The CBOE has introduced variance futures (VA), which move closer to what institutional desks trade with one another. But even then, the product set is limited. What if you want variance exposure on QQQ? Or TLT? Or a single stock?

So the real question becomes: how do you approximate global variance exposure with a small number of strikes, in a way that is actually tradable?

How to approximate a variance swap as a retail trader

The ATM straddle is the default retail answer to “volatility exposure.”

The problem is that an ATM straddle is a local object. Its vega and gamma profile changes fast as spot moves away, which makes the P&L highly path-dependent. If you are short an ATM straddle, you are not only saying “realized variance will be low.” You are also saying “spot will not travel far from the money while I hold this.” In the wrong regime, that is a strong assumption.

A variance swap does not care about the path. It cares about total squared movement.

So an ATM straddle is not wrong. It is just not a good proxy for variance.

Because the replication of variance uses a 1/K² kernel, implied variance is typically pulled away from the money. In equity underlyings with negative spot/vol correlation, that pull is usually dominated by the downside: a large share of priced variance sits in the 10–30 delta region, where skew lives and crash insurance is actually being bought.

So the real question is practical: how do you get closer to “global variance” with a small number of legs?

You cannot trade a true variance swap as a retail trader. But you can bias your exposure toward where variance is priced, instead of concentrating it at one point.

If you had to pick only two legs, our go to would be to target a 20 delta strangle.

Straddles have a very skinny vega profile and are not great at capturing the variance in the product. They are great locally, not a good candidate for global variance.
Straddles have a very skinny vega profile and are not great at capturing the variance in the product. They are great locally, not a good candidate for global variance.

A slightly more sophisticated approach is to distribute long vol across the surface:

  • One mid-delta strangle (around 25–30 delta) to anchor exposure
  • One lower-delta strangle (around 10–20 delta) to add convexity

This does two things.

First, it broadens your gamma and vega footprint. As spot moves, different legs take turns carrying the exposure. Your sensitivity rolls instead of collapsing.

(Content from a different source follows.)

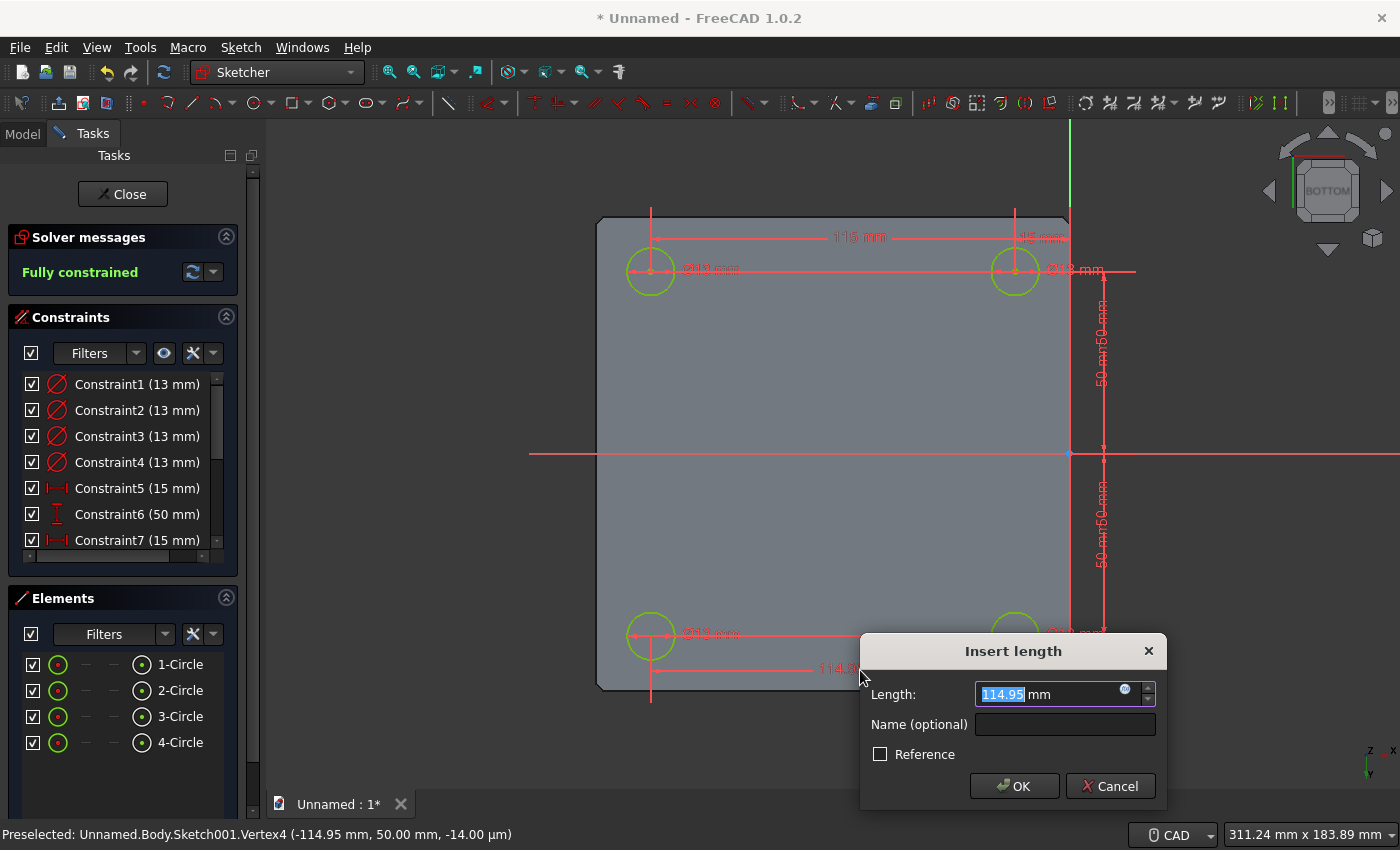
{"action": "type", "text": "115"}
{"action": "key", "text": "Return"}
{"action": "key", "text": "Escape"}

Second, it naturally respects skew. And if you want to be closer to how variance is actually weighted in equity indices, you can overweight the put side to reflect downside asymmetry.

One precision point: this is not a variance swap. It is not a replication. It is a structural bias toward global variance rather than local volatility.

That distinction matters, because it is also where Sharpe Two fits. Our models are built to answer a simple question: given the surface today, is the variance being sold or bought expensive, and what is the probability that subsequent realized volatility exceeds what is currently implied?

Final thoughts

The real shift is not the structure but the question you ask.

Stop asking where is the stock going or what is the IV of this strike? Instead you should wonder if the market underpricing or overpricing total movement across the entire distribution?

Black-Scholes is a pricing tool. It was never meant to describe reality. Model-free variance is closer to that reality. It is what the market actually charges for movement and uncertainty.

Once you internalize this, you stop trading opinions about direction and start trading distributions of outcomes.

That change in perspective is subtle, but it is the difference between retail intuition and professional volatility thinking.